Minor league affiliations
- Class: Class D
- League: Kentucky–Illinois–Tennessee League

Major league affiliations
- Team: Unaffiliated

Minor league titles
- League titles (0): None

Team data
- Name: Jackson Climbers
- Ballpark: Lakeview Ball Park

= Jackson Climbers =

The Jackson Climbers were a Minor League Baseball team that played in the Class D Kentucky–Illinois–Tennessee League in 1911. The Climbers were based in Jackson, Tennessee, and played their home games at Lakeview Ball Park. The team began the season in Harrisburg, Illinois, as the Harrisburg Miners but relocated on August 13 after severe financial losses.

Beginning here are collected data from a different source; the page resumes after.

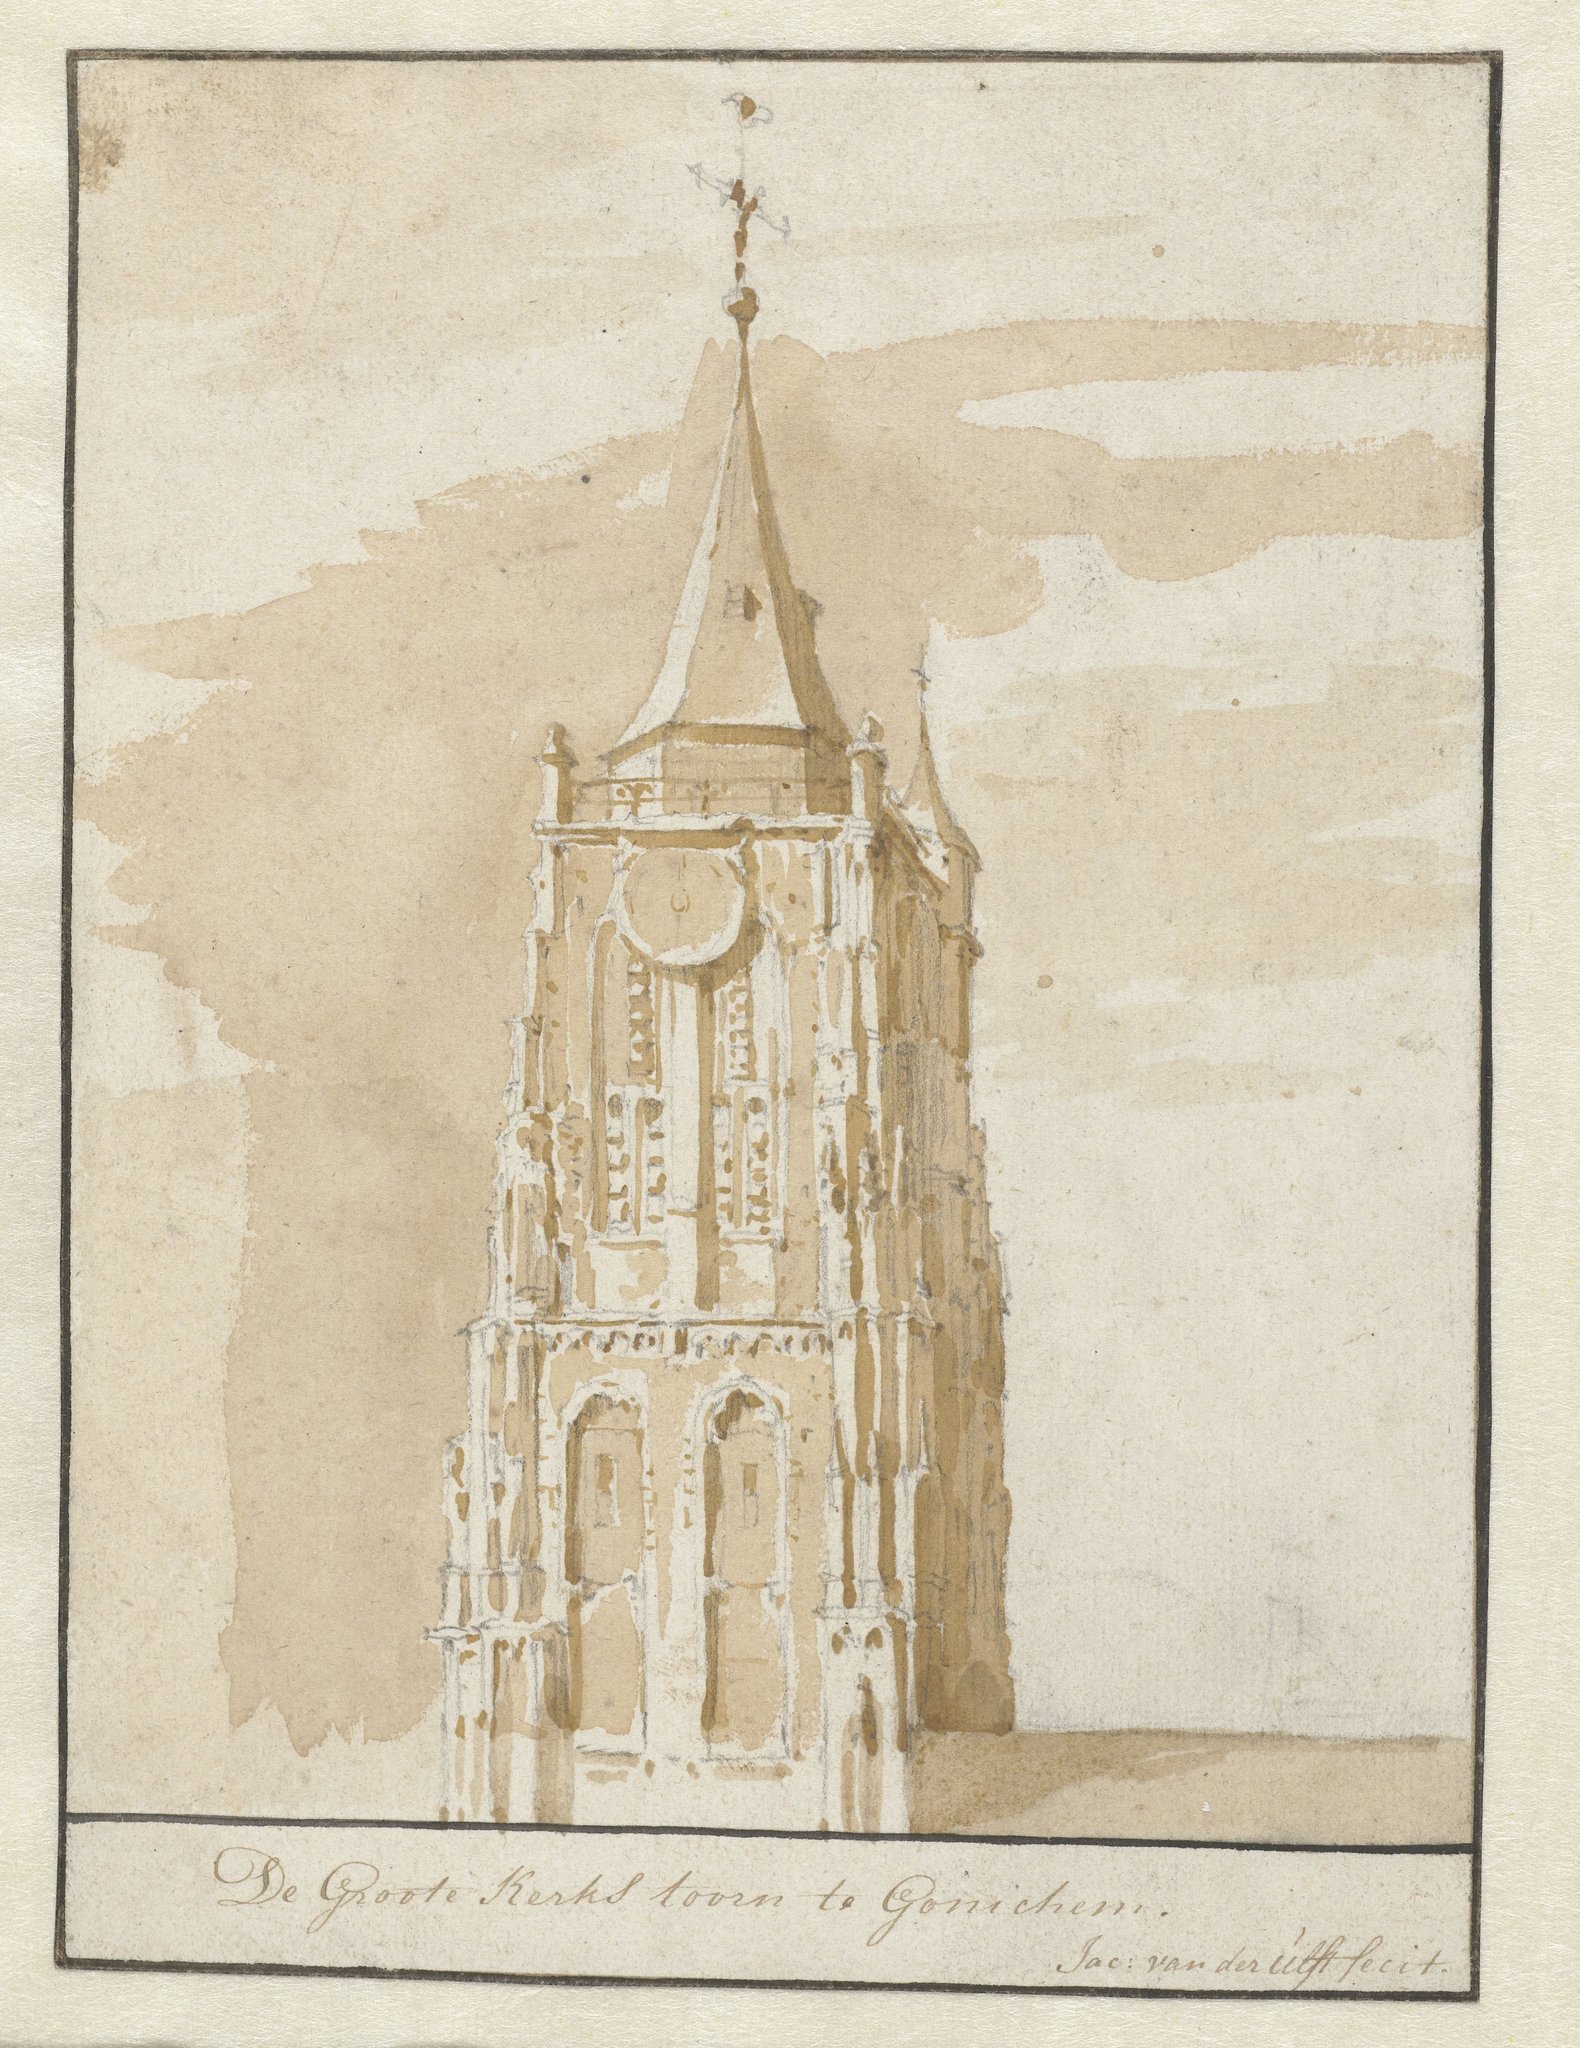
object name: drawing
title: Toren van de Grote Kerk te Gorinchem
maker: jacob van der ulft
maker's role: draughtsman, painter, print maker
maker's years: 1627-1689
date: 1637-1689
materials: paper, pencil
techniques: brush
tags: church (exterior), parts of church exterior and annexes: tower
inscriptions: : ‘De Groote Kerks toorn te Gorichem’

Jackson assumed Harrisburg's 8–15 (.348) record. After transferring, Jackson's first game was a 6–1 win on the road against the Cairo Egyptians on August 14. The Climbers closed out the season on September 22 by losing both games of a doubleheader to the Paducah Polecats, 8–0 and 4–1. In Jackson, the Climbers went 57–43 (.570). Their composite record across both cities was 65–58 (.528), placing seventh of eight teams. They failed to win either half of the league's split-season in their only year of competition.

==Notable players==
The only Climber to also play in Major League Baseball was Ernie Gust, who made his major league debut with the St. Louis Browns on August 17, 1911.